Data Quality with Business Objects Data Services and SAP NetWeaver BI
- A strong team -
Poor Data Quality can impact an organization in many ways. It can result in misguided marketing promotions being sent to the wrong address with incorrect information. Surveys revealed that up to 75% of wrong business decisions are made due to flawed data. Hence, investing in Data Quality does not only improve the quality of decision making, but also lowers significantly Total Cost of Ownership (TCO).
Data Quality becomes also an increasingly important topic for Enterprise Data Warehousing (EDW). Data for Reporting is retrieved from all types of sources, including SAP and Non-SAP sources. Some of the data, especially from Non-SAP sources, do need various ETL (Extraction Transformation and Loading) processing and Data Quality measures before they can be considered as trusted data.
Business Objects Data Services provides a broad set of tools in the area of ETL and Data Quality. Especially for Data Quality, Data Services goes way beyond the capabilities available in SAP NetWeaver BI. Hence, using it in conjunction with SAP NetWeaver BI does leverage the quality of the data in the enterprise enormously.
Analyzing the potential for Business Objects Data Services features to improve the Data Quality for the extraction and loading process in SAP NetWeaver BI, we identified the following scenarios as most suitable.
Scenario 1 - Profiling and Cleansing (on Non-SAP data to be loaded into SAP NetWeaver BI)
- DataSource - Flat File (or source application) with customer data
- Use Data Services for profiling + cleansing
o Domain values (occurrence of specific values)

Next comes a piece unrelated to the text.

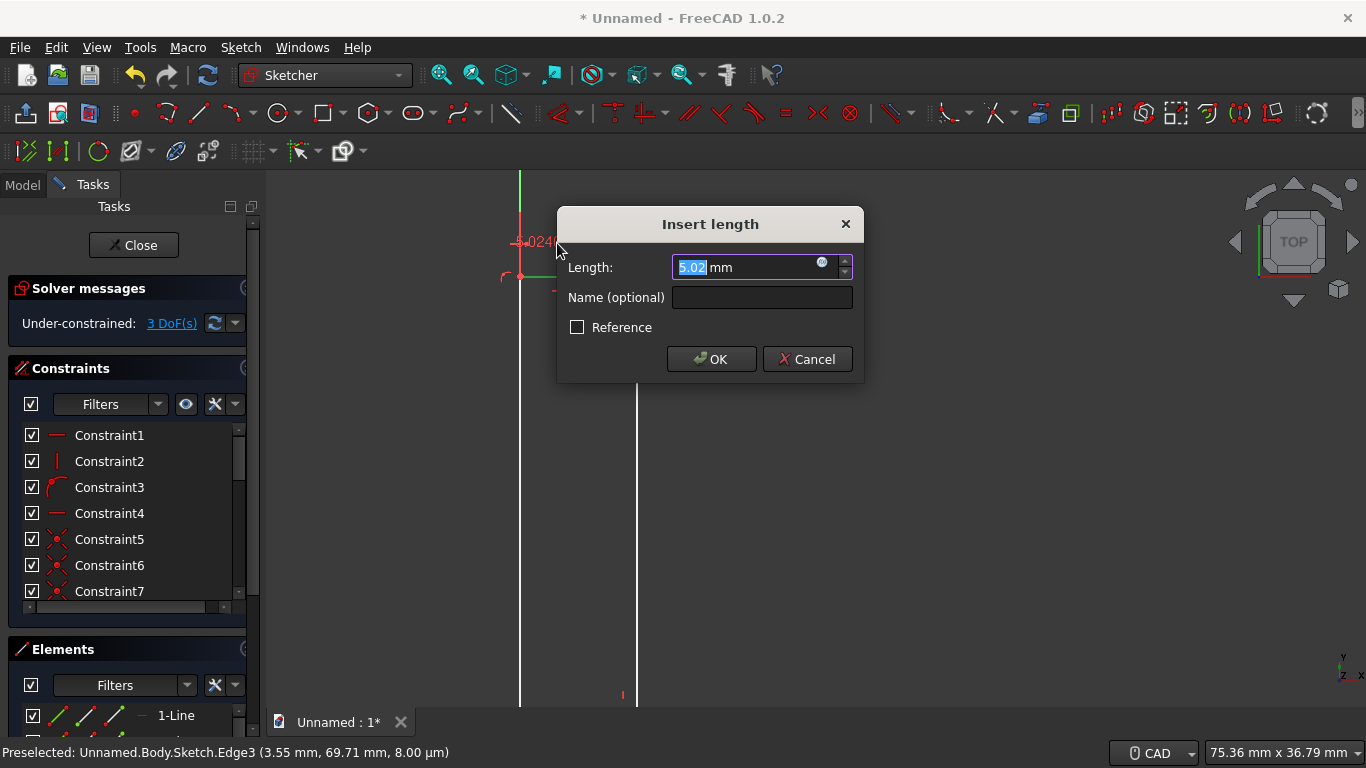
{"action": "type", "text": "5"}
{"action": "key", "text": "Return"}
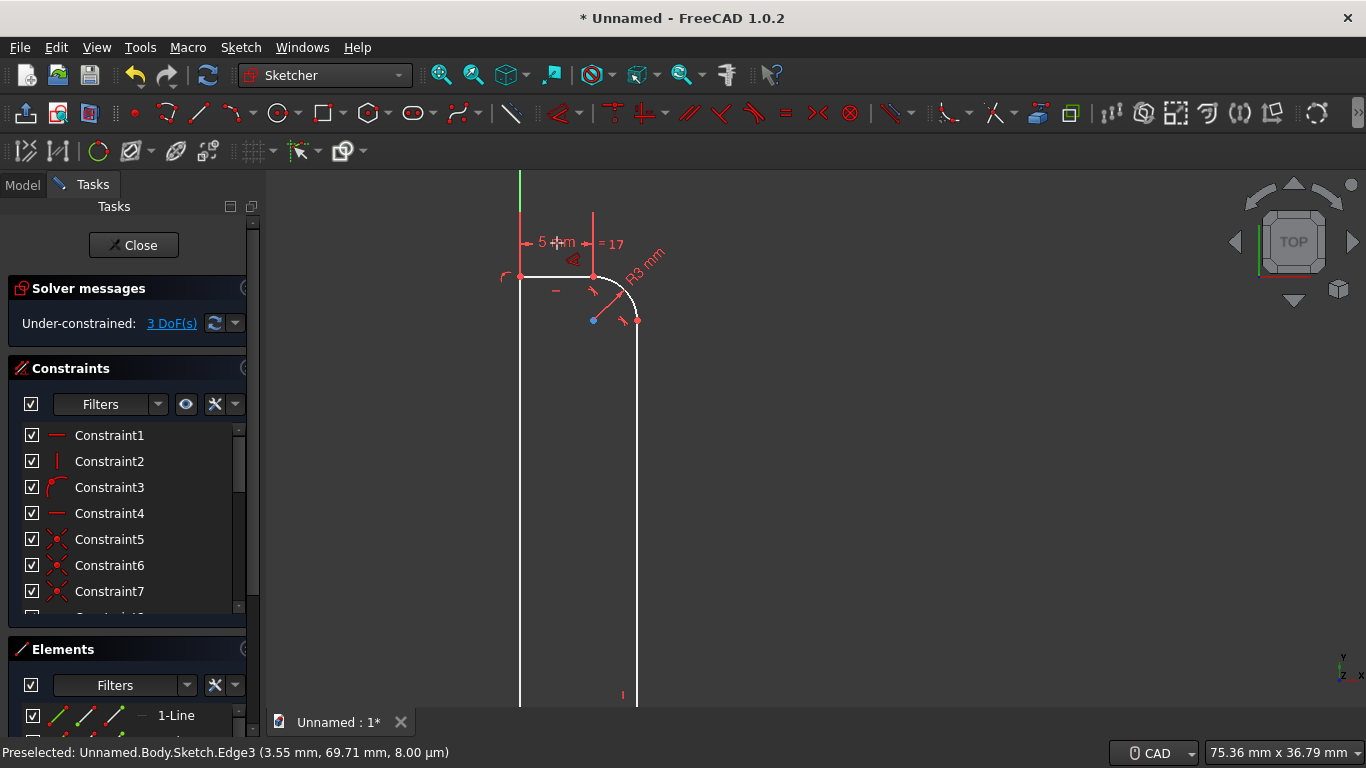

o Plausibility check (e.g. reasonable date range, existing region)
o String function (Wildcard search)
o Pattern recognition (for the structure of phone numbers, postal codes, etc.)
o Addresses (based on country or parsing directories)
o Matching of duplicate records (like Smith, John and John Smith))
- Upload to SAP NetWeaver BI - Invalid data will be excluded for further correction
Scenario 2 - Address cleansing of already loaded SAP NetWeaver BI data (SAP)
- Download data via Open Hub Service (no license needed)
- Cleanse addresses / data via Data Services (or perform any other Data Quality measures)
- Upload cleansed data to SAP NetWeaver BI (closed-loop)
Scenario 3 - Incorporate Data Services features in SAP NetWeaver BI Transformation (ETL)
- WebService call to Data Services (e.g. to Universal Data Cleanse)
Resulting from the investigations and the above described scenarios, we decided to provide two publications. We focused on the usage of Data Services as a standalone solution (and uploading the cleansed data set into SAP NetWeaver BI), hence not covering Scenario 3 for the time being.
The publications are HowTo guides which should provide an introduction into the topic and the main features of Data Services, but also an assessment of which product (SAP NetWeaver BI or Data Services) can provide a solution for a specific requirement. In addition, the main Data Services features are explained in a step-by-step fashion with easy to understand examples. The HowTo documents are targeted towards people working with SAP NetWeaver BI, who want to learn about Business Objects Data Services and look into using its' features to improve the BI data. They do not provide an introduction to SAP NetWeaver BI.
The publications can be found in HowTo area of the SDN (SDN alias ‘howtoguides' or SAP NetWeaver Capabiliities --> SAP How-to Guides --> Business Information Management )
- How To Use Data Services I - Data Quality Made Easy
Link to HowTo guide
This HowTo guide motivates the usage of Data Quality measures for the data within an organization and the decision making process. It introduces the Data Services architecture and its' components and features. The document provides also decision support on which product (SAP NetWeaver BI or Data Services) to use to fulfill a specific requirement.
The document describes the required steps to connect Data Services with SAP NetWeaver BI (and vice versa). It shows the usage of basic Data Services features like Profiling, Domain Value (Plausibility) Check, Pattern Matching and String Matching on sample customer data. Eventually, the cleansed data is loaded into the SAP NetWeaver BI system.
How To Use Data Services II - Data Quality For Experts
Link to HowTo guide
The second HowTo guide takes Data Quality measures to the next level. The introduced Data / Address Cleansing, Matching and Auditing features allow for powerful analysis and massaging of the data. Data Services delivers pre-defined versions (customizing) for these features, yet allows the user also to define its own strategies based on custom-defined dictionaries and rules. The HowTo explains the main features and provides a step-by-step guide to use them in Data Services based on sample customer data.
In order to implement Scenario 2 (Closed-loop approach of cleansing SAP BI data with Data Services), the SAP BI data can easily be extracted from the SAP BI system with the OpenHub feature into a flat file. After applying Data Quality measures according to the two HowTo guides above, the data is reloaded to the SAP BI system (also described in detail in the first HowTo guide).
In the next Business Objects Data Services release the existing OpenHub service APIs (Application Programming Interfaces) are called by Data Services. This enables the initiation and processing of the OpenHub data directly from / within Data Services. Hence, the process can be completely automated for a closed-loop scenario.